是日夜里,玄烨来畅春园歇息,见岚琪肚子微微的波动,欣喜又紧张,一本正地重复说过无数遍的话“这一次不论是儿子还是闺女,往后咱们都要小心些,朕担心你的身体。”
岚琪恬然而笑“臣妾心里明白,比起再要一个儿子,臣妾更想健健康康地陪您一辈子。”
皇帝心情甚好,特别是见岚琪前几日蹙在眉间的愁绪散了。前几日来时,岚琪会一言不发地窝在自己怀里,问她怎么了,只说想自己,连着几次都这样,玄烨就知道她有心事。今天再来,却见她变了个人似的,既然是好了玄烨也高兴,但心里总会有那么一些好奇和担忧,皇帝没想到的是,岚琪会在今天对她说那些心事。
这话是从玄烨昨天往宫里送东西赏赐给翊坤宫开始的,岚琪问皇上是不是真心喜欢章答应。

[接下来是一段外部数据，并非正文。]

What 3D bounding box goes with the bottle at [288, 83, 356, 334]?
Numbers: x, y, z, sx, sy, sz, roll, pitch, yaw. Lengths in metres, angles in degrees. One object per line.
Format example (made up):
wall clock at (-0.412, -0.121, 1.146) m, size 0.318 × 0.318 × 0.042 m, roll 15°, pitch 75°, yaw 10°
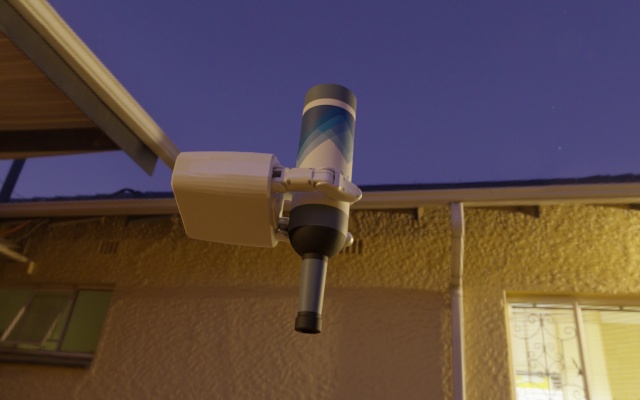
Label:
bottle at (0.000, 0.002, 0.549) m, size 0.069 × 0.295 × 0.069 m, roll 5°, pitch -26°, yaw 2°
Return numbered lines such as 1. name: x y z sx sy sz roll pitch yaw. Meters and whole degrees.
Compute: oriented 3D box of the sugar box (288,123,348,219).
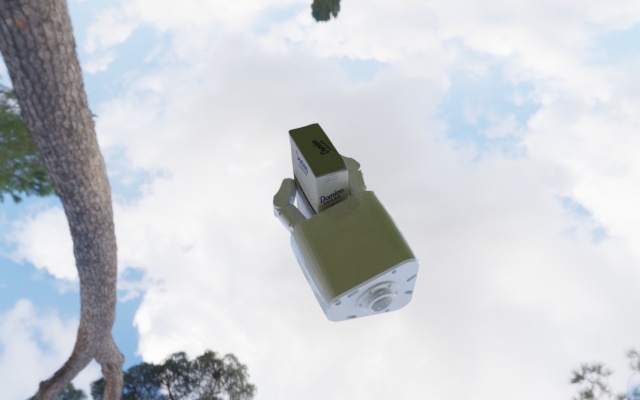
1. sugar box: 0.001 0.002 0.596 0.048 0.176 0.093 -16 47 -15
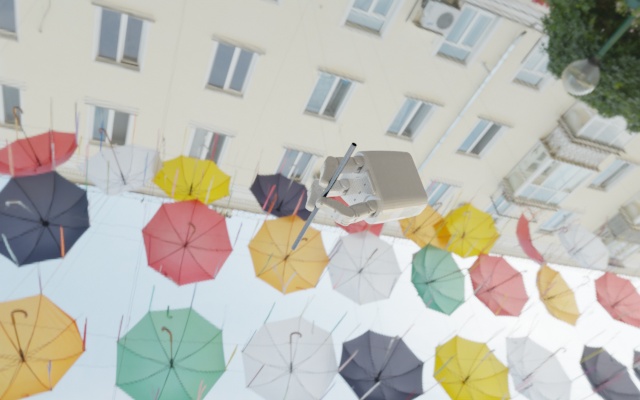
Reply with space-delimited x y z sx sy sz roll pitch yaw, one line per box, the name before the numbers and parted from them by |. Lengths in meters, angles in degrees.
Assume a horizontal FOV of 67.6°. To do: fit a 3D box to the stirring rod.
stirring rod | 0.000 0.002 0.723 0.011 0.011 0.240 0 -40 -30
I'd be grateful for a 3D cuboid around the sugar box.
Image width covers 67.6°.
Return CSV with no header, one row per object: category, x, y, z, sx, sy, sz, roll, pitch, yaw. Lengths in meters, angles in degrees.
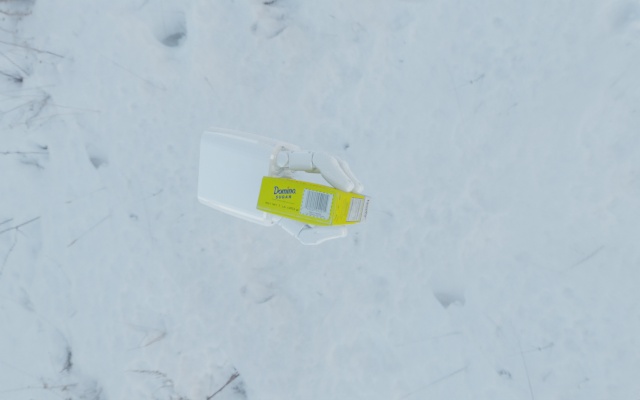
sugar box,0.000,0.001,0.605,0.093,0.048,0.176,13,5,17

他们这么多年了,从没相谈过类似的事,皇帝的乾清宫走过无数女人,但他和岚琪的感情,仅限于彼此。玄烨知道自己不可能一辈子只守着岚琪一人,不论是政治还是身体的需要,更何况在遇见岚琪之前,他已习惯了这样的生活,而岚琪也明白这无法改变的事实,他们之间早就有默契,他们所珍视的感情,不牵扯其他任何人,仅在彼此之间。

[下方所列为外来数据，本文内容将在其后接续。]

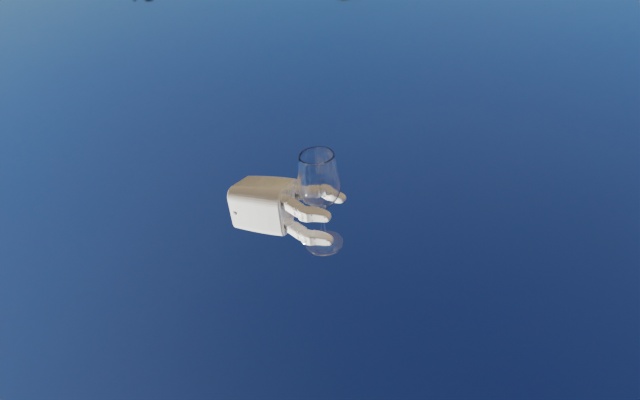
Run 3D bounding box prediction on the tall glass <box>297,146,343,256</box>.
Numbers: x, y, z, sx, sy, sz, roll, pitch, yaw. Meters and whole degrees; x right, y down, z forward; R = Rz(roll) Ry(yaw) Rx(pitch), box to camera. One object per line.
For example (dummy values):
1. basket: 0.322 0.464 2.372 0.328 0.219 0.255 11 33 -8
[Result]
1. tall glass: 0.000 0.003 0.875 0.079 0.201 0.079 -3 36 2
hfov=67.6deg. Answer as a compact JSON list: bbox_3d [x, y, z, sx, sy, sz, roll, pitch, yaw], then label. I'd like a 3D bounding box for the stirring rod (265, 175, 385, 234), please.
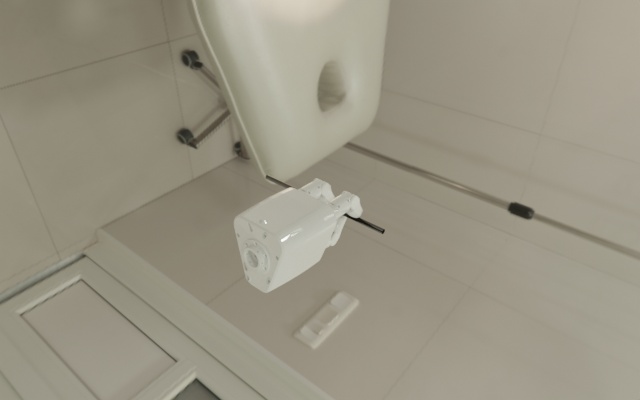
[{"bbox_3d":[0.000,0.003,0.770,0.239,0.011,0.011,25,14,31],"label":"stirring rod"}]
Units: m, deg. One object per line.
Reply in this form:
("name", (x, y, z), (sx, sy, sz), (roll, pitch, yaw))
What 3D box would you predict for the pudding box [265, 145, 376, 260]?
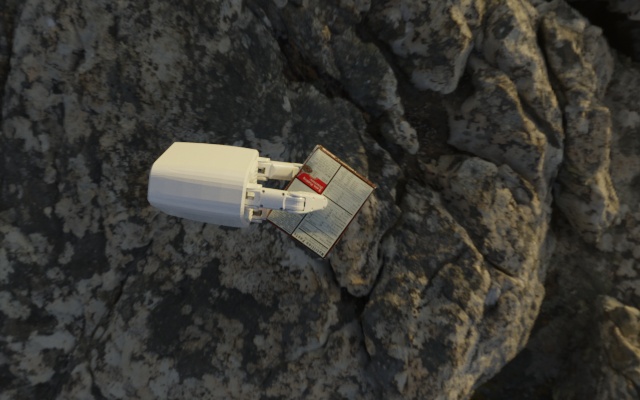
("pudding box", (0.000, 0.002, 0.588), (0.090, 0.113, 0.039), (36, 6, -5))
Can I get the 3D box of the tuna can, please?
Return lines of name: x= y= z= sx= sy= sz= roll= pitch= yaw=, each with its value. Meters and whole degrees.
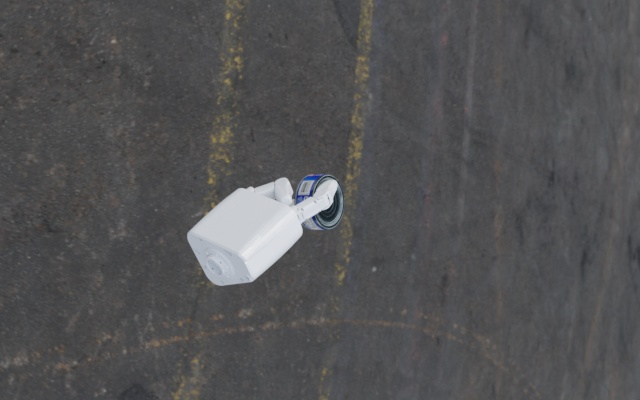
tuna can: x=0.001 y=0.002 z=0.730 sx=0.034 sy=0.086 sz=0.086 roll=-1 pitch=-1 yaw=37
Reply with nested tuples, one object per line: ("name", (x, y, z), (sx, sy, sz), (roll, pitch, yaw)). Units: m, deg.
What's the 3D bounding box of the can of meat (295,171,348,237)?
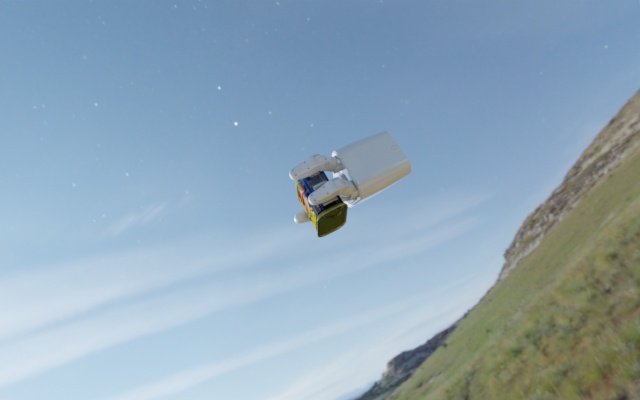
("can of meat", (0.000, 0.002, 0.809), (0.057, 0.084, 0.102), (-27, -22, -11))
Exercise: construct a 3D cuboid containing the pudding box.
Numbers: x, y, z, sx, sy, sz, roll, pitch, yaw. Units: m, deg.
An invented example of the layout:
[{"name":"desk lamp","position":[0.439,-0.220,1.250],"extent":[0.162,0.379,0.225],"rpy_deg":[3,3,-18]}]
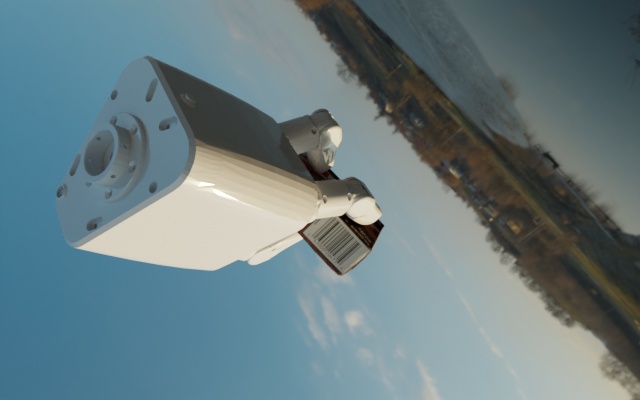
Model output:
[{"name":"pudding box","position":[0.000,0.001,0.406],"extent":[0.039,0.113,0.090],"rpy_deg":[-42,-2,18]}]
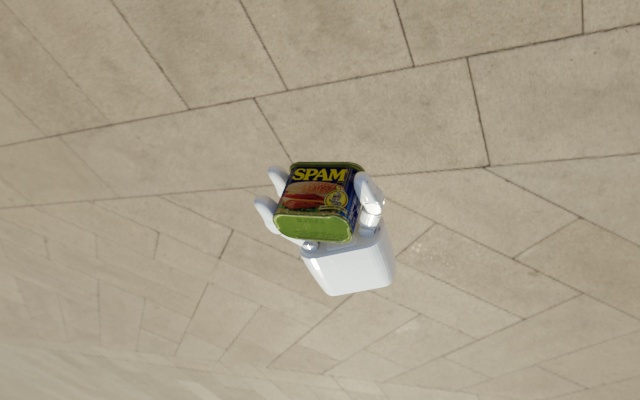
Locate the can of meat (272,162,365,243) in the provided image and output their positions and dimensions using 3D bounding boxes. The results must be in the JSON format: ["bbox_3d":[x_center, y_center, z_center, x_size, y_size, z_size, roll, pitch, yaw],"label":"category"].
[{"bbox_3d":[0.000,0.002,0.582,0.102,0.084,0.057,2,-39,21],"label":"can of meat"}]
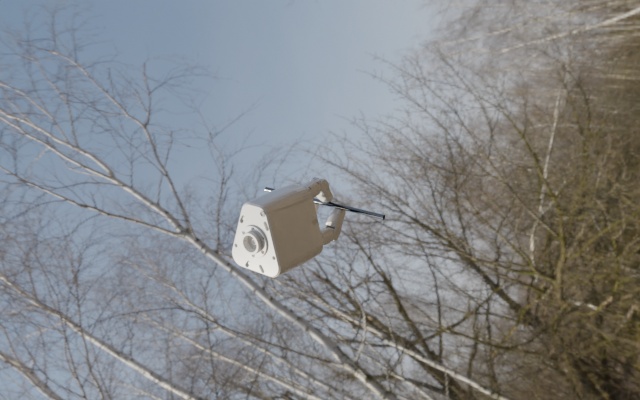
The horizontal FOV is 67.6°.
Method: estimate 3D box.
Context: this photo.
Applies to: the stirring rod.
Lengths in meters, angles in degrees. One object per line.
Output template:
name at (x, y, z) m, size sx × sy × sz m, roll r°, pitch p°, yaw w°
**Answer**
stirring rod at (0.000, 0.003, 0.814) m, size 0.239 × 0.011 × 0.011 m, roll 13°, pitch 7°, yaw 31°
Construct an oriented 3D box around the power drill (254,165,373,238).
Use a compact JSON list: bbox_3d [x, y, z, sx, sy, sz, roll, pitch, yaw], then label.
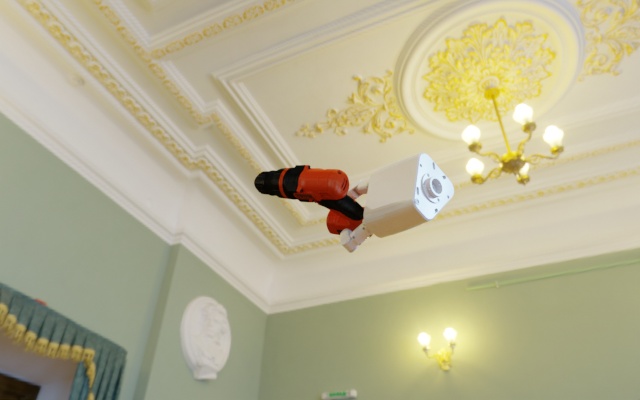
[{"bbox_3d":[0.001,0.003,0.817,0.184,0.057,0.188,5,-21,39],"label":"power drill"}]
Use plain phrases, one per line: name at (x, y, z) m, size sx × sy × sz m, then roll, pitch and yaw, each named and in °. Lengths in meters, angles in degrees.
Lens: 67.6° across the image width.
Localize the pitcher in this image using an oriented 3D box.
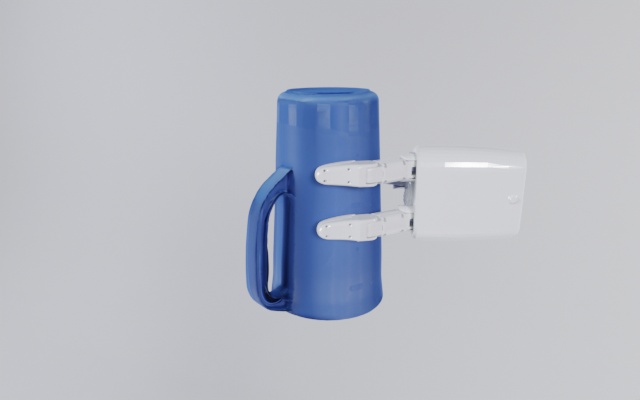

“朕以为,这样做能帮到你。”玄烨觉得与其找借口敷衍,不如坦诚相对,少一些误会才好,笑悠悠说着,“朕答应过你,这一次绝不插手,除非你实在走不下去了,朕这里随时都能给你依靠。可朕终归不放心你,虽然一次次忍耐住不询问任何相关的事,但自己眼睛若里看到什么,就忍不住猜想,譬如章答应的事,朕就以为自己这么做能帮你。”
岚琪痴痴地看着玄烨,禁不住眼眶也湿润了。
玄烨则不安地问“是不是妨碍你了?”
可面前的人,却突然凑上来,抱着自己的脸颊,左右都重重地亲了一口,双唇相触时,软软甜甜的感觉叫皇帝身心一松,顺手就把身前的人小心翼翼揉入怀中,故意笑着说“这样高兴?乌雅岚琪是长大了,如今看到朕喜欢别的女人,不仅不会吃醋,还会高兴。”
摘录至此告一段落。